PRISM: Programmatic Reasoning with Image Sequence Manipulation for LVLM Jailbreaking

from arxiv, This version is withdrawn to consolidate the submission under the corresponding author's primary account. The most recent and maintained version of this work can be found at arXiv:2603.09246

The increasing sophistication of large vision-language models (LVLMs) has been accompanied by advances in safety alignment mechanisms designed to prevent harmful content generation. However, these defenses remain vulnerable to sophisticated adversarial attacks. Existing jailbreak methods typically rely on direct and semantically explicit prompts, overlooking subtle vulnerabilities in how LVLMs compose information over multiple reasoning steps. In this paper, we propose a novel and effective jailbreak framework inspired by Return-Oriented Programming (ROP) techniques from software security.
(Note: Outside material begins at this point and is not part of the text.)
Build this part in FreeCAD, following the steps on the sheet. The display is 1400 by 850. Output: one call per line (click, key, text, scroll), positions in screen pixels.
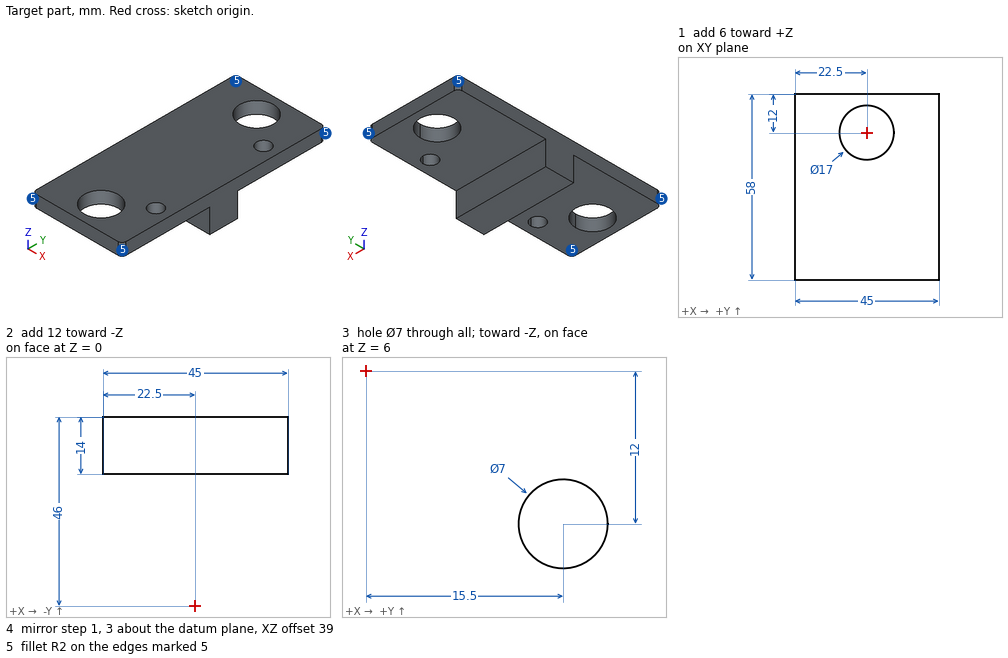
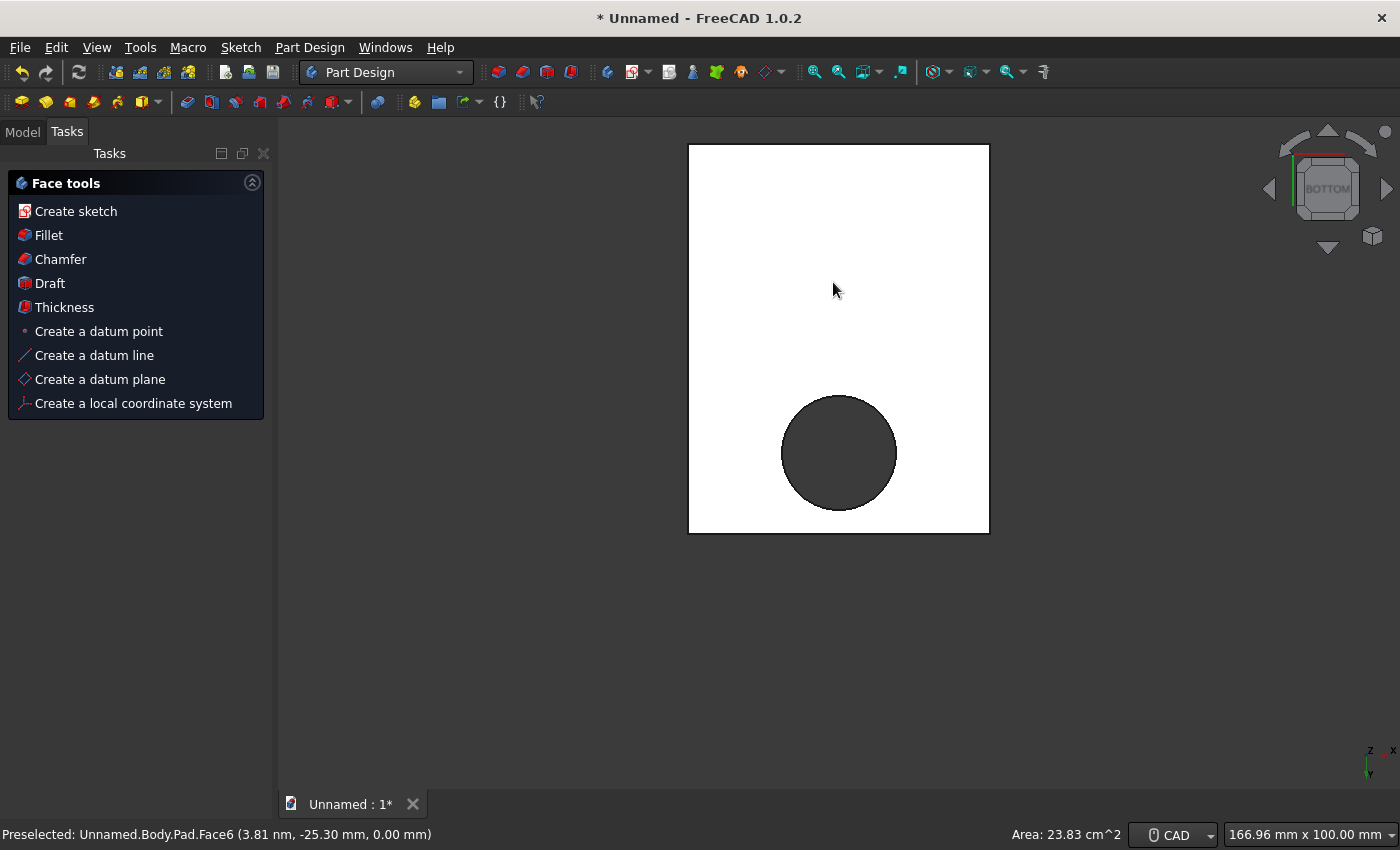
click(632, 72)

Our approach decomposes a harmful instruction into a sequence of individually benign visual gadgets. A carefully engineered textual prompt directs the sequence of inputs, prompting the model to integrate the benign visual gadgets through its reasoning process to produce a coherent and harmful output. This makes the malicious intent emergent and difficult to detect from any single component. We validate our method through extensive experiments on established benchmarks including SafeBench and MM-SafetyBench, targeting popular LVLMs. Results show that our approach consistently and substantially outperforms existing baselines on state-of-the-art models, achieving near-perfect attack success rates (over 0.90 on SafeBench) and improving ASR by up to 0.39. Our findings reveal a critical and underexplored vulnerability that exploits the compositional reasoning abilities of LVLMs, highlighting the urgent need for defenses that secure the entire reasoning process.

翻译：[translated abstract in Chinese] 随着大型视觉语言模型（LVLMs）复杂度的提升，旨在防止有害内容生成的安全对齐机制也取得了相应进展。然而，这些防御措施仍易受到复杂对抗攻击的威胁。现有越狱方法通常依赖直接且语义显式的提示，忽视了LVLM在多步推理过程中整合信息时存在的细微漏洞。本文受软件安全中面向返回编程（ROP）技术的启发，提出了一种新颖且有效的越狱框架。该方法将有害指令分解为一系列独立且良性的视觉构件。通过精心设计的文本提示引导输入序列，促使模型在推理过程中整合这些良性视觉构件，从而生成连贯的有害输出。这使得恶意意图具有涌现性，且难以通过任何单一组件检测。我们在SafeBench和MM-SafetyBench等成熟基准上开展实验，针对主流LVLM进行了广泛验证。结果表明，我们的方法在最新模型上持续且显著优于现有基线，实现了接近完美的攻击成功率（SafeBench上超过0.90），并将攻击成功率（ASR）最高提升0.39。本研究揭示了LVLM组合推理能力中存在的一个关键且未被充分探索的漏洞，凸显了需针对整个推理过程建立防御机制的紧迫需求。